DANIEL LARISON
Last week, the president asked what options there were for attacking one of Iran’s nuclear facilities:
President Trump asked senior advisers in an Oval Office meeting on Thursday whether he had options to take action against Iran’s main nuclear site in the coming weeks. The meeting occurred a day after international inspectors reported a significant increase in the country’s stockpile of nuclear material, four current and former U.S. officials said on Monday.
The president’s Iran obsession has been one of the few consistent things in his foreign policy views over the last five years, and it has been one of the most dangerous. Even though he clearly lost his re-election bid, he was still entertaining the possibility of launching an unjustified and illegal attack on another country in the closing weeks of his presidency. It seems that he brought this up because of a reported increase in Iran’s stockpile of nuclear material, which was a direct result of his decision to renege on the JCPOA and wage an economic war on Iran while it was still fully complying with the deal. Having created the problem, he was considering making it far worse by launching an attack that would guarantee war with Iran. The episode is alarming for what it says about the president’s judgment and the possibility that he might try to start a war before he leaves office, and it encapsulates much of what has been wrong with his foreign policy.

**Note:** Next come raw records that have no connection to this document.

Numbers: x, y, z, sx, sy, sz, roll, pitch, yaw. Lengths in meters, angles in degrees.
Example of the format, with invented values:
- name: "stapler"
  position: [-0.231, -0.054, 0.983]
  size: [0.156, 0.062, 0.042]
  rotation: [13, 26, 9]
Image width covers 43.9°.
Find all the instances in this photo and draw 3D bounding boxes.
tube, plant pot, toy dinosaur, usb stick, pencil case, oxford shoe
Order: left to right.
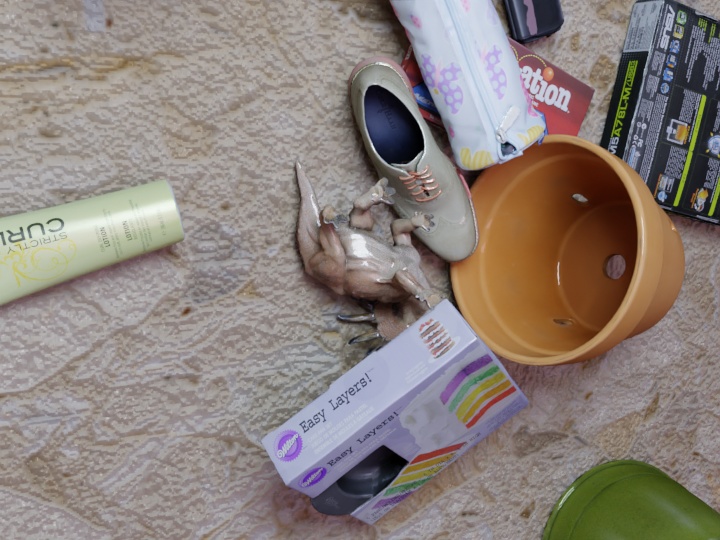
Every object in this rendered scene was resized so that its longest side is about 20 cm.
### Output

Trump’s hostility to the nuclear deal makes no sense if he were really interested in preventing Iran from building nuclear weapons. Iran is not pursuing a nuclear weapon and it has not had a nuclear weapons program for 17 years, but attacking them for modest increases in their stockpile of nuclear material would be a good way to encourage them to do just that. In addition to being illegal and wrong, attacking Iran’s nuclear facilities would be colossally stupid if discouraging their government from developing nuclear weapons were the real goal. The president has ordered illegal military attacks against another government several times before. His openness to ordering another such attack reflects not only his knee-jerk hawkishness, but it also once again proves his contempt for the Constitution and international law. It is good that he was dissuaded from ordering the attack this time, but it shows how close the U.S. and Iran still are to a completely unnecessary war because the president violated a successful nonproliferation agreement two and a half years ago.

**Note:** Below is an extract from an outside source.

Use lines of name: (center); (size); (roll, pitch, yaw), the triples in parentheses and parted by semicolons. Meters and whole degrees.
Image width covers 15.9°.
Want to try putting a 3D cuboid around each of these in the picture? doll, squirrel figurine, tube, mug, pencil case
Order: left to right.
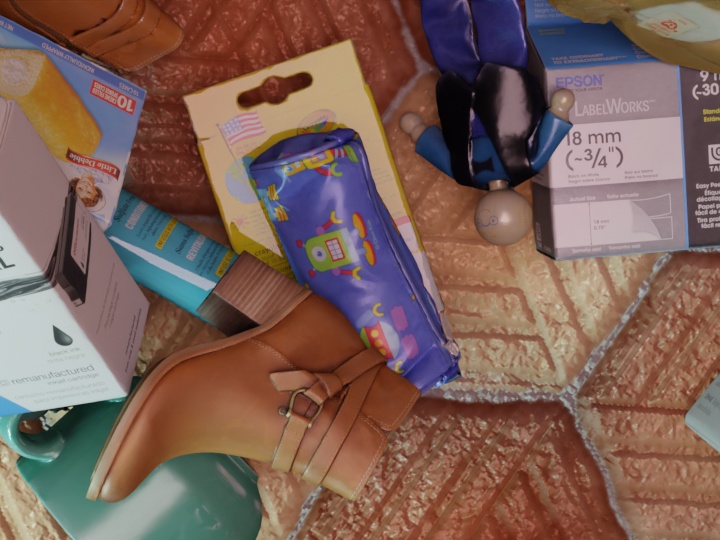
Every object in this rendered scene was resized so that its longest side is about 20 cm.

Benjamin Armbruster pointed out that the article, while valuable, contained a number of mistakes and framed the story in a bizarre and misleading way:
Unfortunately, that’s about where the usefulness of this report ends, as the piece engages in what many call “threat inflation” by painting a misleading picture of Iran’s nuclear program, ignoring key context —such as what might be motivating Iranian behavior — and dancing around the fact that this is a crisis of Trump’s own making.
The article makes it seem as if Trump’s willingness to order an attack is somehow reasonable. The report says, “The episode underscored how Mr. Trump still faces an array of global threats in his final weeks in office.” In fact, the episode showed how the president could become a threat to international peace and security over the next two months. There is no threat coming from Iran’s nuclear program, so there is nothing that could conceivably justify military action against their facilities. The idea of bombing Iran has become so normalized in our foreign policy debates that people tend to forget that it would be an act of unprovoked, criminal aggression by one state against another. If we are ever going to have a more restrained foreign policy, we have to insist that preventive war is an absolutely unacceptable option that should never be considered.